## Dataset
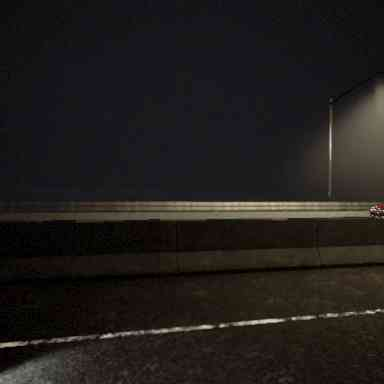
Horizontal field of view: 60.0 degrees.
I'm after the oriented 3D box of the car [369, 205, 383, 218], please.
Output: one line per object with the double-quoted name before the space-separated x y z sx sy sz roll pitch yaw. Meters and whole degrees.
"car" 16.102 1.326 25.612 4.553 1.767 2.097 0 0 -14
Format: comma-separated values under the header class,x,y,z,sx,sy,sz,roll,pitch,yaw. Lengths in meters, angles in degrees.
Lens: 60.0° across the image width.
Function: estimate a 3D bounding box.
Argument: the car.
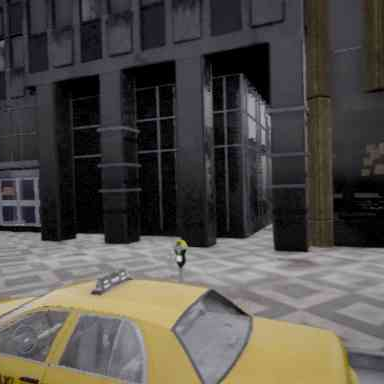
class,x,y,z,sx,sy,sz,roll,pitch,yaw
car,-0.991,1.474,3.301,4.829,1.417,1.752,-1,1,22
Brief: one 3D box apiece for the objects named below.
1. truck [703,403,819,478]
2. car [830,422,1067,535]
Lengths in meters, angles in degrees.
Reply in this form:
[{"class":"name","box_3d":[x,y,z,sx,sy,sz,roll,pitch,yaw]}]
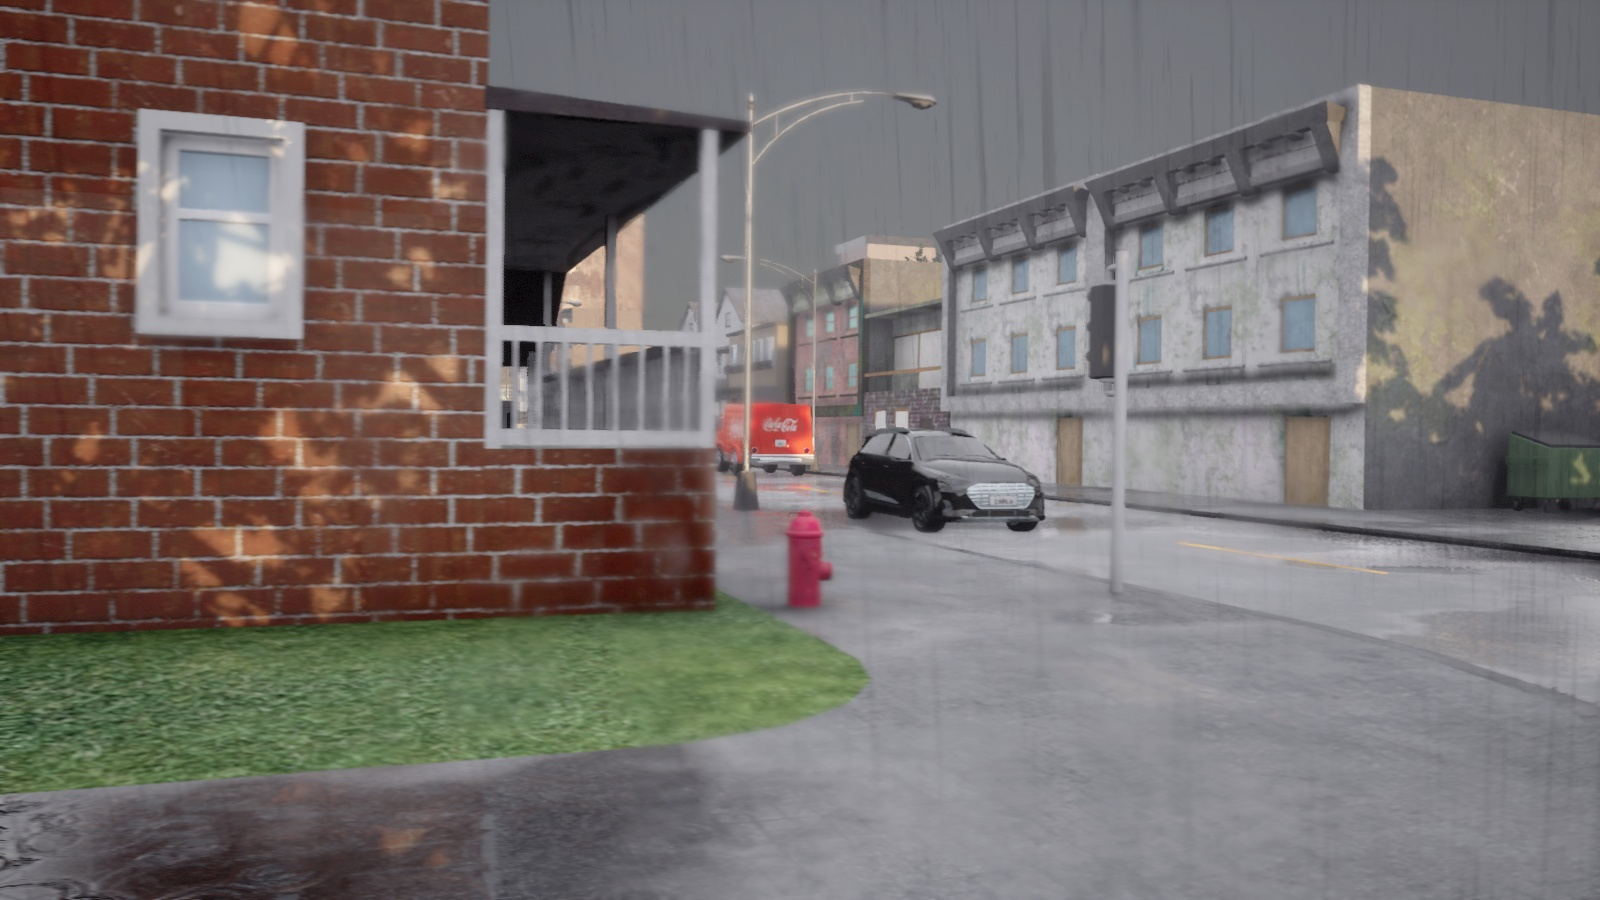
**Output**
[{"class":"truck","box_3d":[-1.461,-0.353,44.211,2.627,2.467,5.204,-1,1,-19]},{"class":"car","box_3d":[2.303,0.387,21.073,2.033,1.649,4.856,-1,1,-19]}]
---
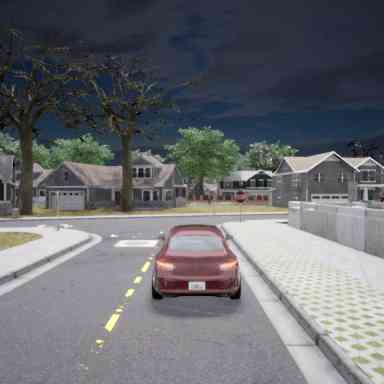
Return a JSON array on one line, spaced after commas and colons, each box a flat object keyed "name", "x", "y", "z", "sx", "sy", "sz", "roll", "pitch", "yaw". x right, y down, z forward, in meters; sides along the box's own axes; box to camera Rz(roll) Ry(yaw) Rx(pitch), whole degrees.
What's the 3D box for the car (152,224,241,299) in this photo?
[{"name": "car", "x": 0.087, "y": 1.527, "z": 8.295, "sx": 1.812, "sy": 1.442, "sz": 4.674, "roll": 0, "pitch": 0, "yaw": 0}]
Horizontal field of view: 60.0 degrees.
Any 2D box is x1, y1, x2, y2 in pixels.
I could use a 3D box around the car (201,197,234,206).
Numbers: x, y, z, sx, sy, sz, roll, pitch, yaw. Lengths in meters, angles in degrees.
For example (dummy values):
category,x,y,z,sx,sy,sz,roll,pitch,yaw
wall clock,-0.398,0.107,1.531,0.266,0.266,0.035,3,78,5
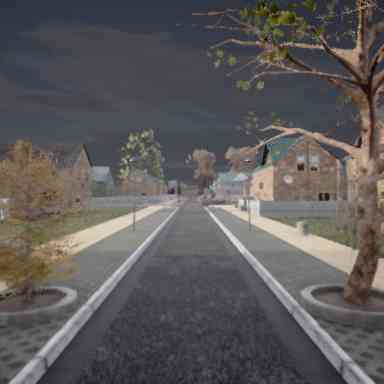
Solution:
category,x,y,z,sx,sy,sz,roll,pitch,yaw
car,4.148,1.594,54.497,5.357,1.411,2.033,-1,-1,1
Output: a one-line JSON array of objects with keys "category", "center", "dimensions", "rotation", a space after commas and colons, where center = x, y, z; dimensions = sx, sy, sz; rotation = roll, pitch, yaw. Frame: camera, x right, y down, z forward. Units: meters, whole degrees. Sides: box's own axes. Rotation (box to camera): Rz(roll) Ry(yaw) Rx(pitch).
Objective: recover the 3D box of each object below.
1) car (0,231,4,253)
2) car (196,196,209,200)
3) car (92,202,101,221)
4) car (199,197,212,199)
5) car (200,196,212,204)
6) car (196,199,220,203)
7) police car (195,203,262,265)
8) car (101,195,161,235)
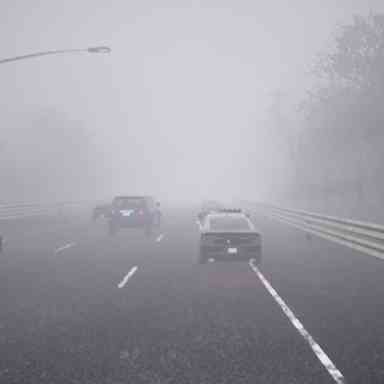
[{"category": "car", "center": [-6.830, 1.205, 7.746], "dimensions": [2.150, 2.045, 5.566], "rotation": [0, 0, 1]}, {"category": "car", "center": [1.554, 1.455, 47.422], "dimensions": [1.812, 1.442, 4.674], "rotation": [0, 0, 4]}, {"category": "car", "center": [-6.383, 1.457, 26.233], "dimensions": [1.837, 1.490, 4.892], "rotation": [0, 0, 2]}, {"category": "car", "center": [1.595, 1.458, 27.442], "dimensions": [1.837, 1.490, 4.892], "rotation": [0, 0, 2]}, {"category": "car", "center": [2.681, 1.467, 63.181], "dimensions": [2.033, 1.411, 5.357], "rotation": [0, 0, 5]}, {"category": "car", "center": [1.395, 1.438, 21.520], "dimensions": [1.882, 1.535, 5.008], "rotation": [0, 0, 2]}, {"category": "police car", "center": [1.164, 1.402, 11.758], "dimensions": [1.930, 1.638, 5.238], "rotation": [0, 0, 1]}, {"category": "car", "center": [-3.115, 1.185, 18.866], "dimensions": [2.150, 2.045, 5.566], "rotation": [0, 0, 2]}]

## Your objective
The answer is each line in which the word "down" occurs, copied from the material above.

## Finished exercise
Return a JSON array on one line, spaced after commas and colons, each box a flat object keyed "name", "x", "y", "z", "sx", "sy", "sz", "roll", "pitch", "yaw". x right, y down, z forward, in meters; sides along the box's own axes; box to camera Rz(roll) Ry(yaw) Rx(pitch), whole degrees.
Output: a one-line JSON array of objects with keys "category", "center", "dimensions", "rotation", a space after commas and colons, where center = x, y, z; dimensions = sx, sy, sz; rotation = roll, pitch, yaw. Frame: camera, x right, y down, z forward. Units: meters, whole degrees. Sides: box's own axes. Rotation (box to camera): Rz(roll) Ry(yaw) Rx(pitch).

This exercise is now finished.